WHAT YOU ARE ASKED TO DO:
When the line with "hfov=84.4deg. Build a" appears below, start repeating lines exactly, and keep going through the line with "Horizontal FOV: 83.8°."; add nothing outside that span.

[Recorded data]

Segment Open

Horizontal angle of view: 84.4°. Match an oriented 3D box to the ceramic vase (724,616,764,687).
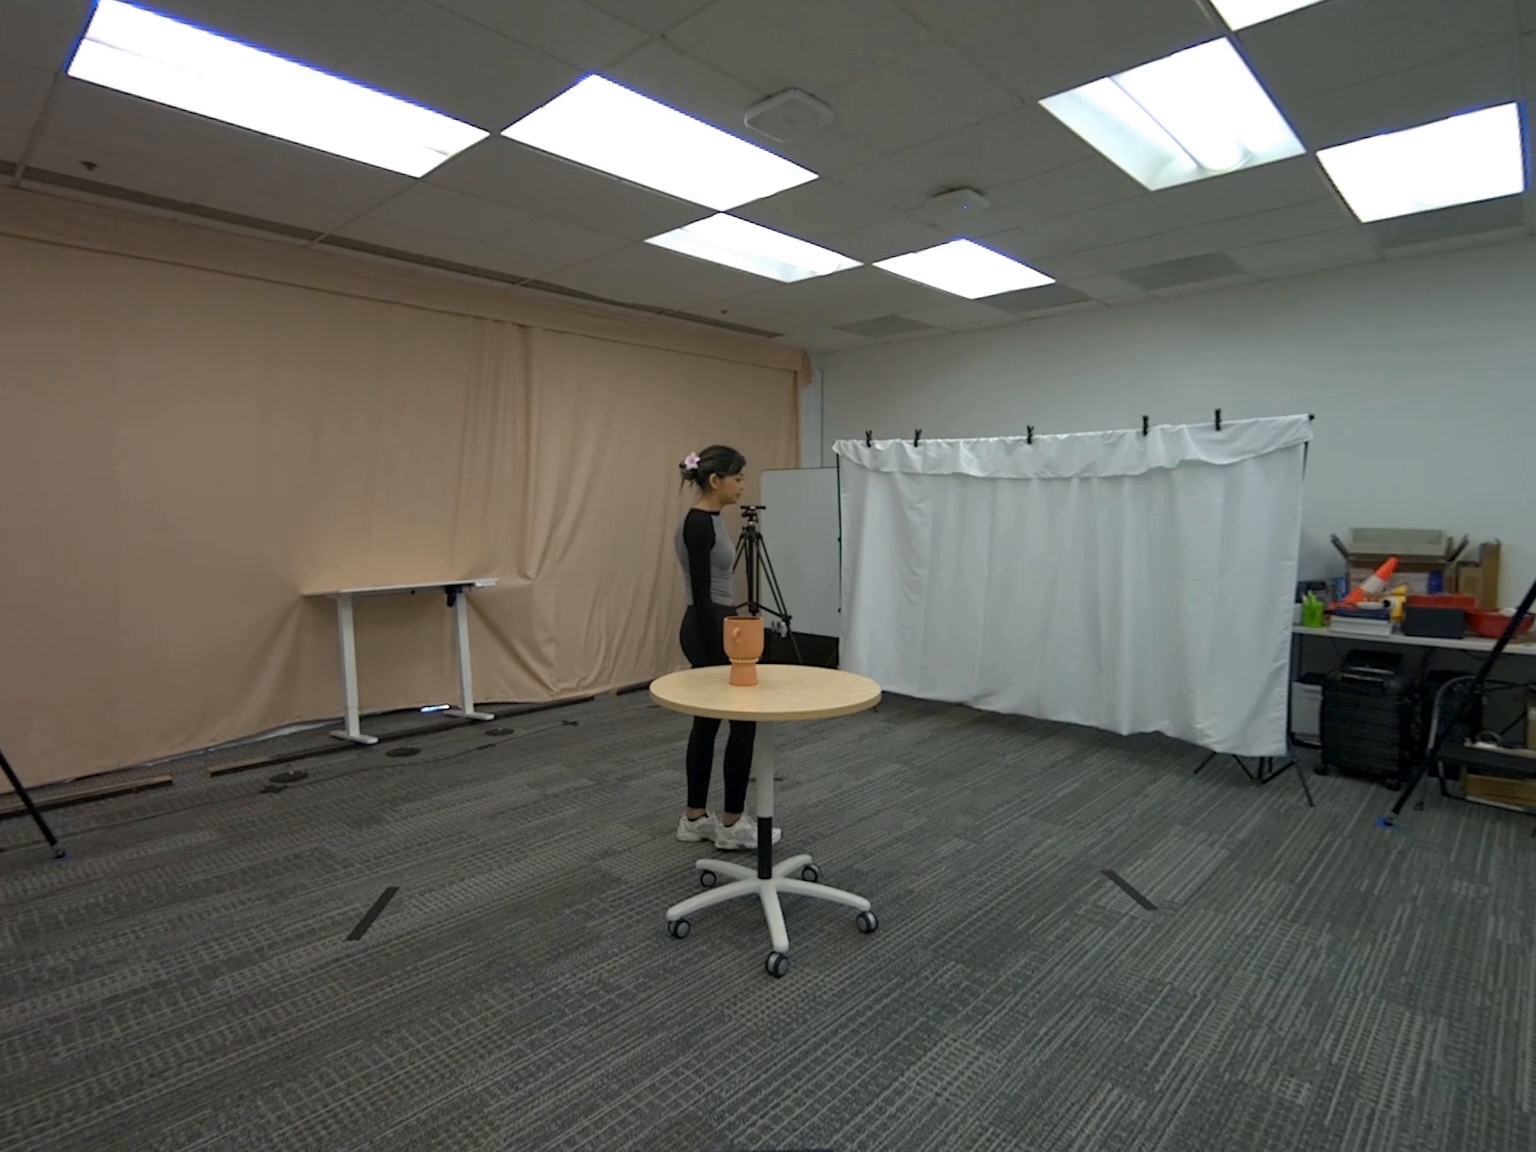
[{"bbox_3d":[-0.078,0.254,2.835,0.154,0.219,0.139,-3,4,-31],"label":"ceramic vase"}]
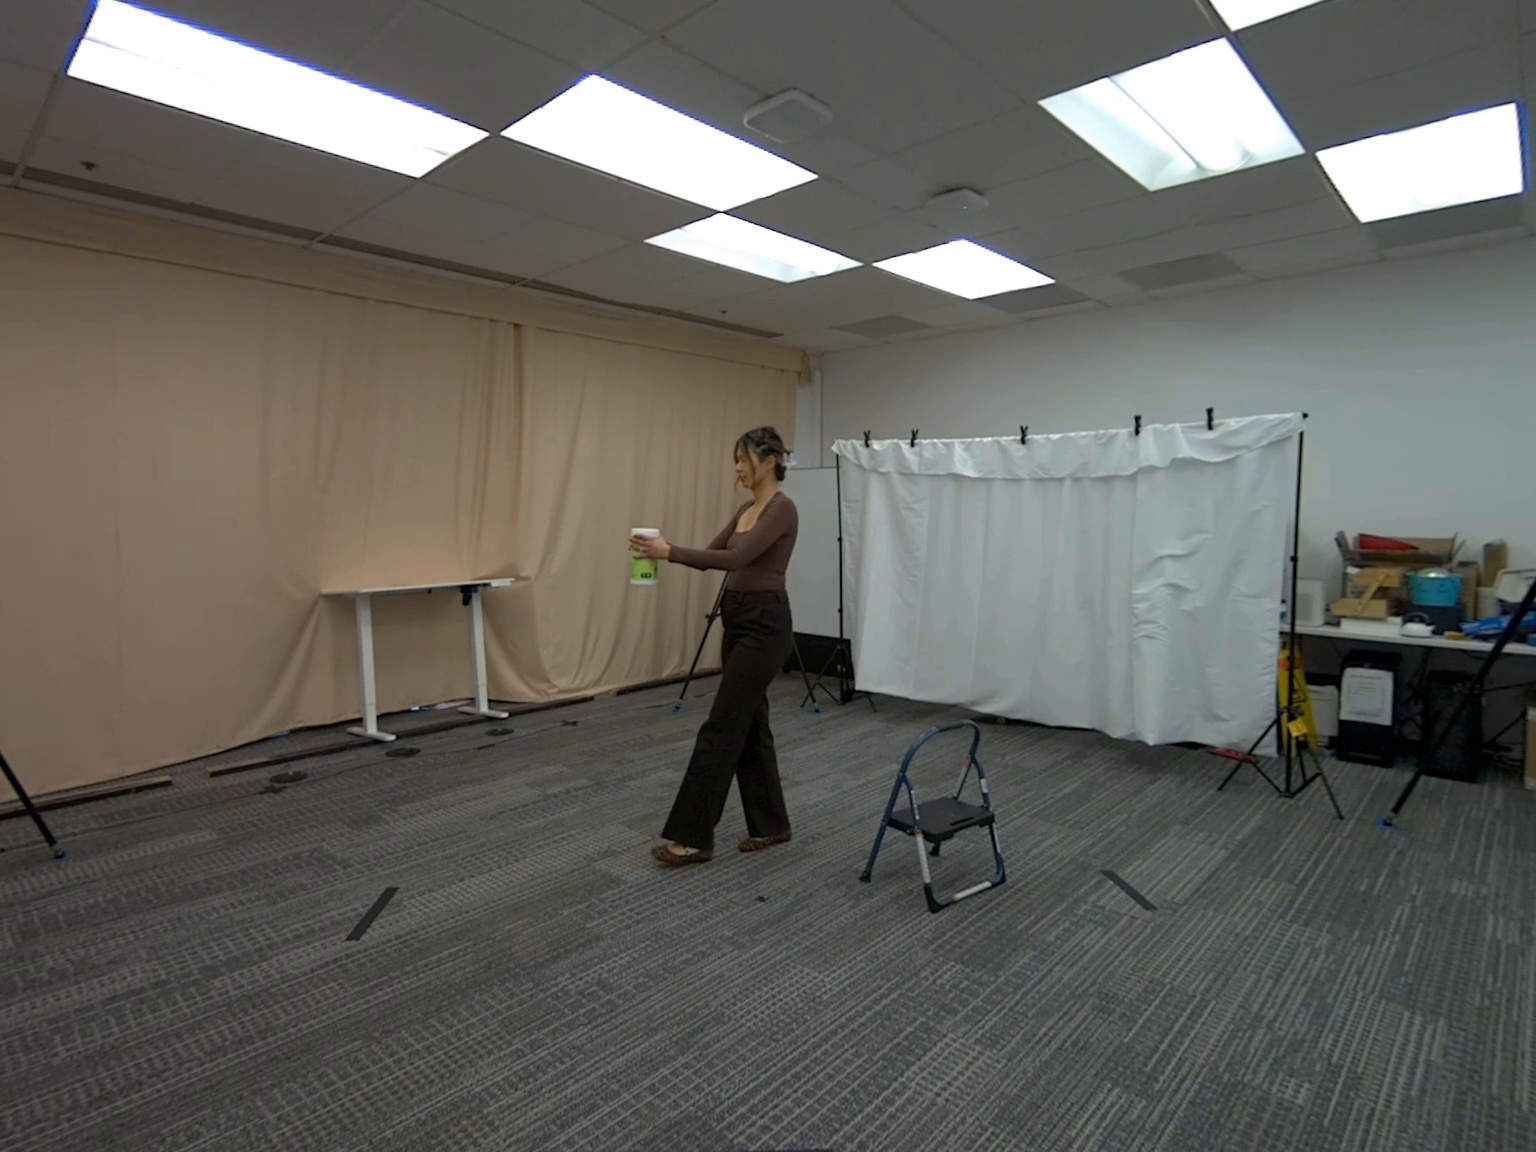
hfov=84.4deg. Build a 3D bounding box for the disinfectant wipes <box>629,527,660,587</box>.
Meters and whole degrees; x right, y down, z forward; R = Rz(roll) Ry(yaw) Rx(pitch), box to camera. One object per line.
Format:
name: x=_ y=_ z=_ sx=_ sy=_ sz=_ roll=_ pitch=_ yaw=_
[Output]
disinfectant wipes: x=-0.474 y=-0.073 z=3.257 sx=0.117 sy=0.217 sz=0.118 roll=2 pitch=5 yaw=-2
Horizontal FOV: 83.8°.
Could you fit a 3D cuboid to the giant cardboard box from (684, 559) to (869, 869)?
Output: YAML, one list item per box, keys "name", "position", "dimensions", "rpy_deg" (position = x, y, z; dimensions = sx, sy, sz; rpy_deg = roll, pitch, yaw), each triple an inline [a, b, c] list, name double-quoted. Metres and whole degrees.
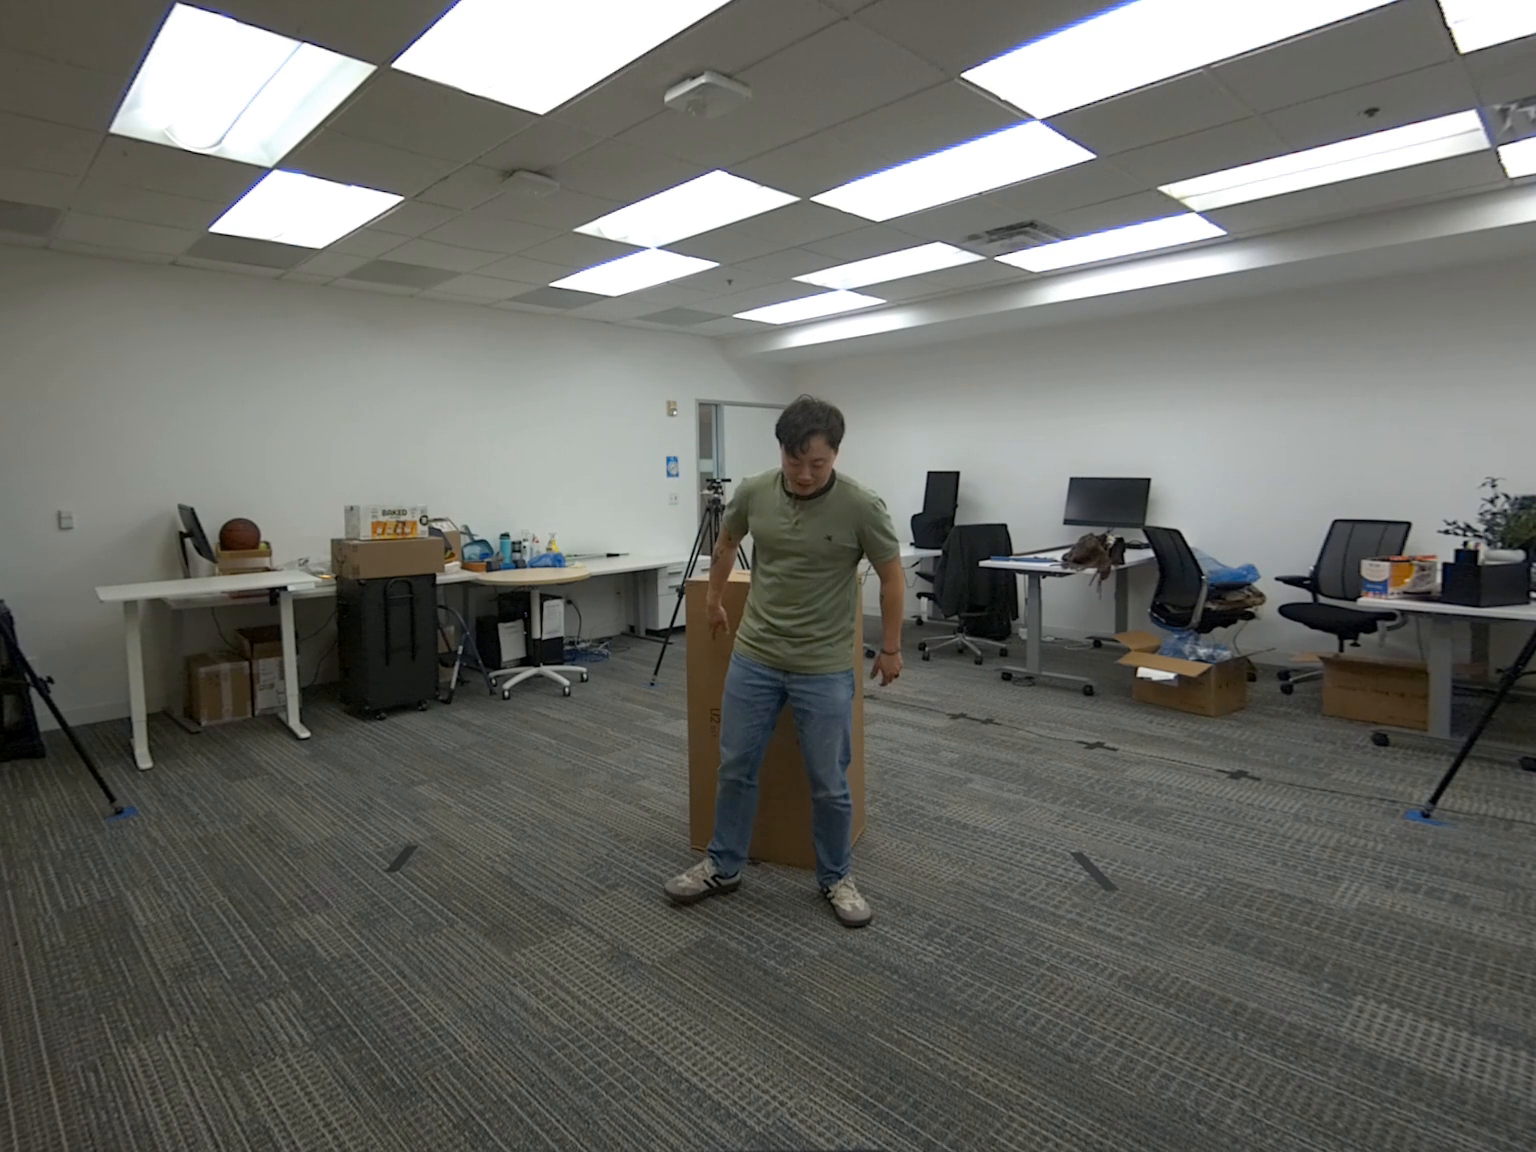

Segment Closed

ANSWER FOR THE TASK:
hfov=84.4deg. Build a 3D bounding box for the disinfectant wipes <box>629,527,660,587</box>.
Meters and whole degrees; x right, y down, z forward; R = Rz(roll) Ry(yaw) Rx(pitch), box to camera. One object per line.
Format:
name: x=_ y=_ z=_ sx=_ sy=_ sz=_ roll=_ pitch=_ yaw=_
[Output]
disinfectant wipes: x=-0.474 y=-0.073 z=3.257 sx=0.117 sy=0.217 sz=0.118 roll=2 pitch=5 yaw=-2
Horizontal FOV: 83.8°.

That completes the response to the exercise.